We divide the matting training process into three parts with total 35 epochs aiming at different circumstances, as follows:
- Part 1: In part 1 we train the model without FGF on Video Matting 240K and DVM for 20 epochs, and only use low-resolution (\(512\times512\)) video sequences with a total length of 20 frames.
- Part 2: In part 2 we train the model still without FGF on hybrid resolution video sequences for 3 epochs. The hybrid video sequences are from the same datasets as part 1, containing low-resolution frames (\(512\times512\)) with a length of 10 and high-resolution frames (\(2048\times2048\)) with a length of 3.

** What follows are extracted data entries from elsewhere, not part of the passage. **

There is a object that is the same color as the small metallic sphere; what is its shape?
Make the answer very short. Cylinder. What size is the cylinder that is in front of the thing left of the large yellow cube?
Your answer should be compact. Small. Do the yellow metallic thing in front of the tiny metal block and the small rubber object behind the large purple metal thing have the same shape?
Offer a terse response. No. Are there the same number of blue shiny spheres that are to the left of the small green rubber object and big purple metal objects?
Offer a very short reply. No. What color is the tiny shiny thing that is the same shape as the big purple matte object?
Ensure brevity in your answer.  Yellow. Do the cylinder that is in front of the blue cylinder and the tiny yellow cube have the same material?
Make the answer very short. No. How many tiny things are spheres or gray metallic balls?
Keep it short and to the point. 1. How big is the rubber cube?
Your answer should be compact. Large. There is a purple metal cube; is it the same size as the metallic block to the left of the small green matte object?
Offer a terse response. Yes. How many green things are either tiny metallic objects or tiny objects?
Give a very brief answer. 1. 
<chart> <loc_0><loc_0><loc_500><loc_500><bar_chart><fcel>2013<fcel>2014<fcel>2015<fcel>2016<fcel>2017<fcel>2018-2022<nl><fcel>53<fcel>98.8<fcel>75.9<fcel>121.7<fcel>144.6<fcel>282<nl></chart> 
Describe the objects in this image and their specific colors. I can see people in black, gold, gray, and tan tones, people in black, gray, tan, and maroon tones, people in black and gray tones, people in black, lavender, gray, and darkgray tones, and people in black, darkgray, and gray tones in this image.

- Part 3: In part 3 we train the model for high-resolution image matting task for 12 epochs. The model is trained on high-resolution foreground image datasets (P3M-10K, Distinctions 646, etc.) and image background dataset (Indoor CVPR 09). We add FGF, setting the initial downsample factor \(k\) to 0.25 during the former 10 epochs and 1.0 during the latter 2 epochs.

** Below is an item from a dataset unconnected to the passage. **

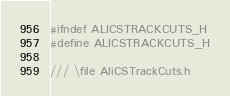Convert code to text. <code><loc_0><loc_0><loc_500><loc_500><_C_>#ifndef ALICSTRACKCUTS_H
#define ALICSTRACKCUTS_H

/// \file AliCSTrackCuts.h</code> 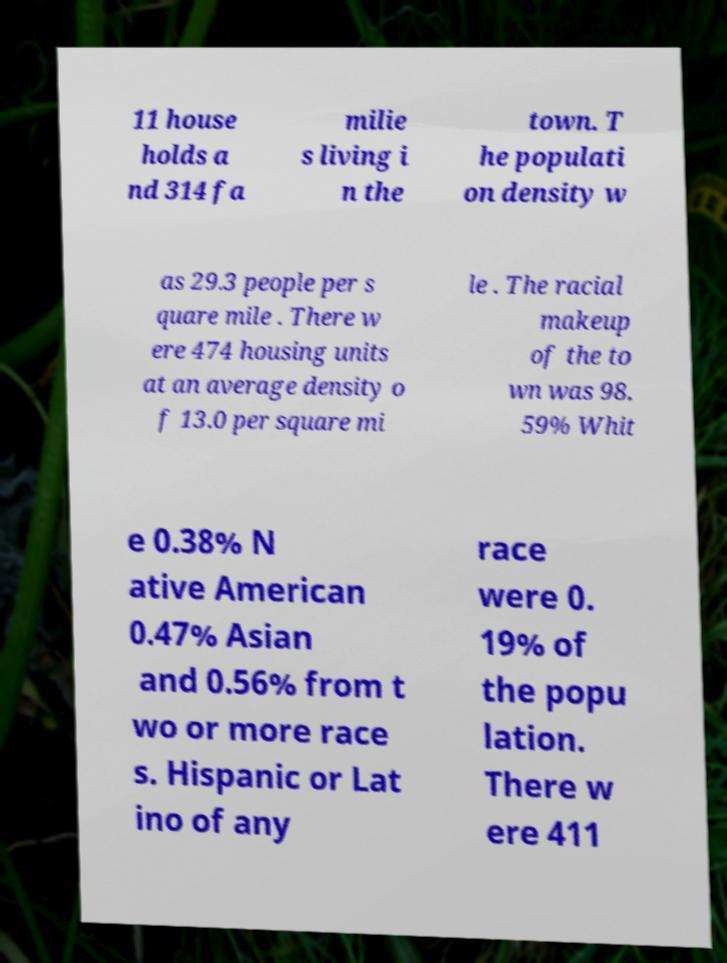Could you assist in decoding the text presented in this image and type it out clearly? 11 house holds a nd 314 fa milie s living i n the town. T he populati on density w as 29.3 people per s quare mile . There w ere 474 housing units at an average density o f 13.0 per square mi le . The racial makeup of the to wn was 98. 59% Whit e 0.38% N ative American 0.47% Asian and 0.56% from t wo or more race s. Hispanic or Lat ino of any race were 0. 19% of the popu lation. There w ere 411

Portrait segmentation training is interspersed throughout the entire training process. we insert one segmentation training step after every 2 matting training steps to ensure the model’s sensitivity to human figures.
To ensure segmentation and matting performance, we apply different losses and weight them as a total loss \(L_t\). Considering details at the edge of foreground images, we apply pyramid Laplacian loss \(L_{lap}\) [20] as well as L1 loss \(L_1\). Moreover we apply a temporal coherence loss \(L_c\) to reduce flickers of generated frames. The losses are as follows:
| \[\begin{align} & L_1=||\hat{\boldsymbol{\alpha}}-\boldsymbol{\alpha}||_1 \tag{2} \\ & L_{lap}=\sum_{s=1}^{5}2^{s-1}||\mathcal{L}_s(\hat{\boldsymbol{\alpha}})-\mathcal{L}_s(\boldsymbol{\alpha})||_1 \tag{3} \\ & L_c=||\frac{d\hat{\boldsymbol{\alpha}}}{dt}-\frac{d\boldsymbol{\alpha}}{dt}||_2 \tag{4} \\ & L_t=L_1+\frac{1}{5}L_{lap}+5L_c \tag{5} \end{align}\] |
Where, \(\hat{\boldsymbol{\alpha}}\) represents predicted alpha matte, \(\boldsymbol{\alpha}\) represents ground truth, and \(\mathcal{L}_s(\boldsymbol{\alpha})\) represents the computed result of the \(s\)-th layer of Laplacian pyramid based on \(\boldsymbol{\alpha}\).
4. Experiments
The training and evaluating process uses Nvidia Geforce RTX 4060 and RTX 3060 for multi-card training, with AMD Ryzen 9 5950X CPU and mixed precision throughout the entire process. During the evaluating process, RTX 2070 laptop and Intel Core i7-9750H are also used for speed test.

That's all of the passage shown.